The next step is to generate the statistics. We also have to use DataFlow for this step. We specify a sample rate to compute the statistics over the sample.

In [66]:
job_name = f"tfdv-chicago-crime-stats-{job_time}"
args['job_name'] = job_name
stats_location = root_folder + "/stats/stats.pb"
options =  beam.options.pipeline_options.GoogleCloudOptions(**args)

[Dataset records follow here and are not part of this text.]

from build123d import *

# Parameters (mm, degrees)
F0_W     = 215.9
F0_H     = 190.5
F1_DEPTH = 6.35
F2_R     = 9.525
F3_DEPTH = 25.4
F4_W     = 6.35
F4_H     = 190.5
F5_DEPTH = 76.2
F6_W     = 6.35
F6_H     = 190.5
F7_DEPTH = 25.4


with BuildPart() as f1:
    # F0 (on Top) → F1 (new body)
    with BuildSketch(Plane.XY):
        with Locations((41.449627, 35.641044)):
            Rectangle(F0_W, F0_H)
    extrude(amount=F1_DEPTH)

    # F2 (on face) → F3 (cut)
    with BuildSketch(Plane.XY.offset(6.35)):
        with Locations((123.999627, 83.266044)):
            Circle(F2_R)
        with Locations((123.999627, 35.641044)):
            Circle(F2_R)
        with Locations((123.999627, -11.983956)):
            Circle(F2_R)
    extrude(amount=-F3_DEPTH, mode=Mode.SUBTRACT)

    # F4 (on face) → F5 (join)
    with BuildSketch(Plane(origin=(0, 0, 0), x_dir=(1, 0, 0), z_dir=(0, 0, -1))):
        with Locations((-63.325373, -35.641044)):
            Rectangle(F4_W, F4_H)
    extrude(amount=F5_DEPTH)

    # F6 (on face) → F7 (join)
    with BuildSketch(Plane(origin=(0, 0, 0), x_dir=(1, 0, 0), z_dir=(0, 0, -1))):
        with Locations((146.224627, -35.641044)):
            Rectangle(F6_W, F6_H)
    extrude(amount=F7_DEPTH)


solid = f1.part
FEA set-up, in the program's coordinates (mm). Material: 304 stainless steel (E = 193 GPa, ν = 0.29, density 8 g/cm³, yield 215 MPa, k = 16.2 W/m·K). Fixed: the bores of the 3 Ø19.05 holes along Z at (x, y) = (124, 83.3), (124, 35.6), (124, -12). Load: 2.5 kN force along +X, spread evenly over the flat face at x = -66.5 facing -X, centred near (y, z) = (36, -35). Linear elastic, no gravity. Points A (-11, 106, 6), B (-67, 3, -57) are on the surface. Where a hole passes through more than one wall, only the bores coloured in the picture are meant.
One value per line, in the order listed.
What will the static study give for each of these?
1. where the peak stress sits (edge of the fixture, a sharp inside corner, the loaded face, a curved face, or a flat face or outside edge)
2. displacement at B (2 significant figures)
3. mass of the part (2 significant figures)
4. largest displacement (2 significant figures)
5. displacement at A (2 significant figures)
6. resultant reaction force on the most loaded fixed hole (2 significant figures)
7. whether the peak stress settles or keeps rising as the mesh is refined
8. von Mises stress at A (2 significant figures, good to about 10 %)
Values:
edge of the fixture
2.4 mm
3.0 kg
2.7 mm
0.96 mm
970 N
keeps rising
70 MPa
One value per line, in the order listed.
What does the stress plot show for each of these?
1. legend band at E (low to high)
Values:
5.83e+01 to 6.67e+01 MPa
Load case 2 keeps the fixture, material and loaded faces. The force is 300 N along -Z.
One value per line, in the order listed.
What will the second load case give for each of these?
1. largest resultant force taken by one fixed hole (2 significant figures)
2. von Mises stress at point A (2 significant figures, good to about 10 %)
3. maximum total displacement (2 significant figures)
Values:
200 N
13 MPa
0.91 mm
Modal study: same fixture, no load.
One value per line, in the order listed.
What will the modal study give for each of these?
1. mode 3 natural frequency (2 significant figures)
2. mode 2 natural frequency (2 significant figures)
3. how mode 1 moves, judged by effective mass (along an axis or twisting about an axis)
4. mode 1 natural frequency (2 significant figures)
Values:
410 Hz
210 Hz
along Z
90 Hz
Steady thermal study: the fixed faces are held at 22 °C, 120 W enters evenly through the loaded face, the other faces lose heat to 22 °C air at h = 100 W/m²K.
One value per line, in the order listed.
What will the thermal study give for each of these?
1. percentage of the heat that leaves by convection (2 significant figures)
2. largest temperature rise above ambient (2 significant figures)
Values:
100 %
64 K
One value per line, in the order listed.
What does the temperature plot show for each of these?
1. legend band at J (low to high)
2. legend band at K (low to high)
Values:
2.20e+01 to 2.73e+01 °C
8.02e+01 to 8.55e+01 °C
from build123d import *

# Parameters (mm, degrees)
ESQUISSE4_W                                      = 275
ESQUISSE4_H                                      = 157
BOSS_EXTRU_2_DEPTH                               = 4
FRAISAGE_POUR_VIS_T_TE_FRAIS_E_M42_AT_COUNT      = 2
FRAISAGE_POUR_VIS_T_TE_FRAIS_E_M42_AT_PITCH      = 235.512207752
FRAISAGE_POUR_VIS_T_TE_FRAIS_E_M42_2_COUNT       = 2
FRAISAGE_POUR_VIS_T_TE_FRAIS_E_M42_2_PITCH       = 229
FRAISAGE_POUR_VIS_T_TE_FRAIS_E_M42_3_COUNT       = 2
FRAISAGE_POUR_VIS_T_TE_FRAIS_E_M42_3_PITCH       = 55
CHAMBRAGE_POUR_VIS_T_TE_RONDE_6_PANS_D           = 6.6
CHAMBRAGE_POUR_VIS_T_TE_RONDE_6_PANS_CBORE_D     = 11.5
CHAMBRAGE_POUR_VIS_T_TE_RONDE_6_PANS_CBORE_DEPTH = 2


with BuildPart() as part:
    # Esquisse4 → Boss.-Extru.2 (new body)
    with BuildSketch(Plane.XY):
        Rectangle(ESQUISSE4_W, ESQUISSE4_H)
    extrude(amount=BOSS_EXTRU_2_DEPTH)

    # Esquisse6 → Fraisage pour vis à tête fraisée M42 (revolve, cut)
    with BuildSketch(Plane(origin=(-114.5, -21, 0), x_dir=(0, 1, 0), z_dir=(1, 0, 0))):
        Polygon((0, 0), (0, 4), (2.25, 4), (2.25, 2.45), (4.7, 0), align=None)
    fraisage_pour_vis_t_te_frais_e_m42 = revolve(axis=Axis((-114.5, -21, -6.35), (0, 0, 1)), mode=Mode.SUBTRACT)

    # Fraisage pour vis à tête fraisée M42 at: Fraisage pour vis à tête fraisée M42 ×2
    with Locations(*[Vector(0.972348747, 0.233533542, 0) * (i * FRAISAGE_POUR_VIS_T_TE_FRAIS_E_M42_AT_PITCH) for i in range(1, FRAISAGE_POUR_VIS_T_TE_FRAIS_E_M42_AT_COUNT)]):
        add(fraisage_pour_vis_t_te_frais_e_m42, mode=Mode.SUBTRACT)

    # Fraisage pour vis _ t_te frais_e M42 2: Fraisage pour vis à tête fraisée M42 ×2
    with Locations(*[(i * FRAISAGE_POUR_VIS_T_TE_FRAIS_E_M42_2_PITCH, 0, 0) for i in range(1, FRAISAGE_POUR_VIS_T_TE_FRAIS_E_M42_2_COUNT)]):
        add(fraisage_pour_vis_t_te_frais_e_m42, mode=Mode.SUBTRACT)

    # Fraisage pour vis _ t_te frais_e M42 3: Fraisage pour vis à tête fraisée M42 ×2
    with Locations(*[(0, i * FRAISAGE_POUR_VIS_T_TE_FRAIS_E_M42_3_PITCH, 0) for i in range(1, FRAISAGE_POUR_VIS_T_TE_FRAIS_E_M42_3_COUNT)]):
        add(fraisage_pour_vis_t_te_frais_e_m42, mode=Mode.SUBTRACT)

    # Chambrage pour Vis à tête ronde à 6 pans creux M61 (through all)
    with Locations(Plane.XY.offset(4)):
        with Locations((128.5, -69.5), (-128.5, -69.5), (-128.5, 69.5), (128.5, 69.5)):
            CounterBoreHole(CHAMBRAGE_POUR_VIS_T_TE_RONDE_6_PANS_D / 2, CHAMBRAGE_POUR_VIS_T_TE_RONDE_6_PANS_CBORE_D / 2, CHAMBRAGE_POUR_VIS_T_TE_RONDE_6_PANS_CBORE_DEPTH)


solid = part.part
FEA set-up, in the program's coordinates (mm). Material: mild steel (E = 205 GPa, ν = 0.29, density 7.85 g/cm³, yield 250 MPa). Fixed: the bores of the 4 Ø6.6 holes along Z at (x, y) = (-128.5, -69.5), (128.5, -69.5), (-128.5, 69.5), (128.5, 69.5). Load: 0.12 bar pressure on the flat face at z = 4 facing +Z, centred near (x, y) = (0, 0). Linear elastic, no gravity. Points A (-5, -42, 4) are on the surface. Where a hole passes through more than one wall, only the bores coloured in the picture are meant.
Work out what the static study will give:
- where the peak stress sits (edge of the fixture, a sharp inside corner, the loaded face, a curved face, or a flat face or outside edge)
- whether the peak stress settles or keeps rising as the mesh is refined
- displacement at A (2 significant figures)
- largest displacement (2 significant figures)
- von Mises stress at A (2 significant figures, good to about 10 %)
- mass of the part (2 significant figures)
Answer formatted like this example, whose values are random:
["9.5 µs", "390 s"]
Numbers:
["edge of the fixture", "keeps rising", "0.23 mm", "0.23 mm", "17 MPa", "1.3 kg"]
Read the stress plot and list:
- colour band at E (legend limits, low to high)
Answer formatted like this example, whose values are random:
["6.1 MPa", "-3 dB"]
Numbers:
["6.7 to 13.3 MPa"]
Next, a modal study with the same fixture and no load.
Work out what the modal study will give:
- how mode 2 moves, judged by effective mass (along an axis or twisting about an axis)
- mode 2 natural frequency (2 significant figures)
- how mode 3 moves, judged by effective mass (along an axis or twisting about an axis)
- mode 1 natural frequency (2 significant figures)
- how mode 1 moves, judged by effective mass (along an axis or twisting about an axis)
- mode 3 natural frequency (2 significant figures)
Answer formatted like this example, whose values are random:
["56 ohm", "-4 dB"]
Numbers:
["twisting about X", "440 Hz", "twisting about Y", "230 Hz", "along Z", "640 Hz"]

_ = tfdv.generate_statistics_from_tfrecord(
    data_location=data_folder, 
    output_path=stats_location,
    stats_options=tfdv.StatsOptions(
        sample_rate=.3
    ),
    pipeline_options = options
)



Instructions for updating:
Use eager execution and: 
`tf.data.TFRecordDataset(path)`


Instructions for updating:
Use eager execution and: 
`tf.data.TFRecordDataset(path)`


Confirm the statistics have been correctly computed.

In [81]:
!gsutil ls {stats_location}

gs://freeldom-mlops-deployments/tfdv/tfdv-chicago-crime-210526195416/stats/


## Load statistics

From there, the remaining steps are the same as the previous notebook. We can read the statistics directly from GCS and visualize them.

In [82]:
stats = tfdv.load_statistics(stats_location)
tfdv.visualize_statistics(stats)

## Infer schema

Let's infer the schema now. Remember that you should always review the schema before using it.

In [70]:
schema = tfdv.infer_schema(statistics=stats)
tfdv.display_schema(schema)

Unnamed: 0_level_0,Type,Presence,Valency,Domain
Feature name,Unnamed: 1_level_1,Unnamed: 2_level_1,Unnamed: 3_level_1,Unnamed: 4_level_1
'crime_year',BYTES,required,,-
'crime_day_of_week',STRING,required,,'crime_day_of_week'
'crime_month',STRING,required,,'crime_month'
'arrest',INT,required,,-
'crime_day',BYTES,required,,-
'district',INT,required,,-
'domestic',INT,required,,-
'fbi_code',STRING,required,,'fbi_code'
'iucr',BYTES,required,,-
'location_description',BYTES,optional,single,-


  pd.set_option('max_colwidth', -1)


Unnamed: 0_level_0,Values
Domain,Unnamed: 1_level_1
'crime_day_of_week',"'Fri', 'Mon', 'Sat', 'Sun', 'Thu', 'Tue', 'Wed'"
'crime_month',"'Apr', 'Aug', 'Dec', 'Feb', 'Jan', 'Jul', 'Jun', 'Mar', 'May', 'Nov', 'Oct', 'Sep'"
'fbi_code',"'01A', '01B', '02', '03', '04A', '04B', '05', '06', '07', '08A', '08B', '09', '10', '11', '12', '13', '14', '15', '16', '17', '18', '19', '20', '22', '24', '26'"
'primary_type',"'ARSON', 'ASSAULT', 'BATTERY', 'BURGLARY', 'CONCEALED CARRY LICENSE VIOLATION', 'CRIM SEXUAL ASSAULT', 'CRIMINAL DAMAGE', 'CRIMINAL SEXUAL ASSAULT', 'CRIMINAL TRESPASS', 'DECEPTIVE PRACTICE', 'GAMBLING', 'HOMICIDE', 'HUMAN TRAFFICKING', 'INTERFERENCE WITH PUBLIC OFFICER', 'INTIMIDATION', 'KIDNAPPING', 'LIQUOR LAW VIOLATION', 'MOTOR VEHICLE THEFT', 'NARCOTICS', 'NON - CRIMINAL', 'NON-CRIMINAL', 'NON-CRIMINAL (SUBJECT SPECIFIED)', 'OBSCENITY', 'OFFENSE INVOLVING CHILDREN', 'OTHER NARCOTIC VIOLATION', 'OTHER OFFENSE', 'PROSTITUTION', 'PUBLIC INDECENCY', 'PUBLIC PEACE VIOLATION', 'ROBBERY', 'SEX OFFENSE', 'STALKING', 'THEFT', 'WEAPONS VIOLATION'"


## End of lab

We are ending the lab here as the next steps are the same as previously. You must try to enhance your schema, and you can try to replicate the steps to extract data from 2020. Remember that you can include TFDV as a step in your ML pipelines. It could be added at the beginning to ensure the raw data has the correct format and after the transformations. You can also use the schema to validate or monitor inference data.